Activity: Scan the records for the string "example", then copy each line that has it.

Records drawn from a dataset:
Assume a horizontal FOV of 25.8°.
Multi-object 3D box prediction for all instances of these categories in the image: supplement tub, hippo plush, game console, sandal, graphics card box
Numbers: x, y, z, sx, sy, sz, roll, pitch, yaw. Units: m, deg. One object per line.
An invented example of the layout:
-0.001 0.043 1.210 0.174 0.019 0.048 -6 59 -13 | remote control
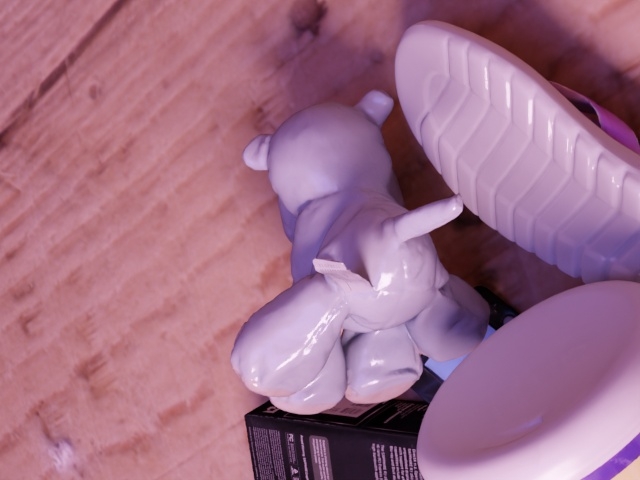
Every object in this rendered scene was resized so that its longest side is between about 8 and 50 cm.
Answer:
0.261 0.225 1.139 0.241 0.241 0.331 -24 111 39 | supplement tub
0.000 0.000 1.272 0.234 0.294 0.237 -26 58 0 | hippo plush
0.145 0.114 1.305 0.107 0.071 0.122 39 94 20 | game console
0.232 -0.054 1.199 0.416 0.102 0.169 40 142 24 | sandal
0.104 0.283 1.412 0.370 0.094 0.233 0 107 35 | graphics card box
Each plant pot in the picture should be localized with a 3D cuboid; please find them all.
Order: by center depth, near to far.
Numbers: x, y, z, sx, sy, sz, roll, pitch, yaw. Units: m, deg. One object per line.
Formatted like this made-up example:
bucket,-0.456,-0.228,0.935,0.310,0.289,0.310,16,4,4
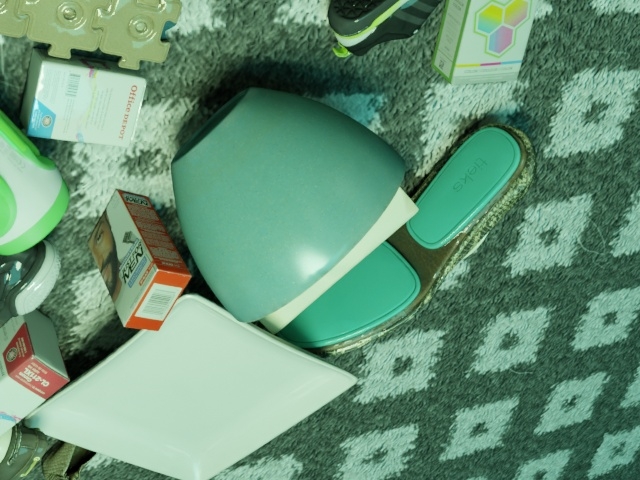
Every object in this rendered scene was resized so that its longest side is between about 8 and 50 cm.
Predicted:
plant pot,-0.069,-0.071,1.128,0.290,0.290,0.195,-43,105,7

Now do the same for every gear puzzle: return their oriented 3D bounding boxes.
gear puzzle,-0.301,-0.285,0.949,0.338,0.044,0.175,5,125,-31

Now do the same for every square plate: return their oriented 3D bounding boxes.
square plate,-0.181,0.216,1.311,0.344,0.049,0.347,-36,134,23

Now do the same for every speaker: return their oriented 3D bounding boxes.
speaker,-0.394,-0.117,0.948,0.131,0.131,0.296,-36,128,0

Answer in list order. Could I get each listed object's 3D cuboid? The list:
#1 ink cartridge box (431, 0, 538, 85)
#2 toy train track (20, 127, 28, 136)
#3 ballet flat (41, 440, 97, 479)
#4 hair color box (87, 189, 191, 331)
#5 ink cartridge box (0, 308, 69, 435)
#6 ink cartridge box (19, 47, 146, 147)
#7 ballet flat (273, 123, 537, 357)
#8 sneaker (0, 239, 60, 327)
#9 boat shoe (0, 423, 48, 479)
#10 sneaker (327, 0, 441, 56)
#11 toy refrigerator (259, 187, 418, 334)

Answer:
An invented example of the layout:
Formatted like this made-up example:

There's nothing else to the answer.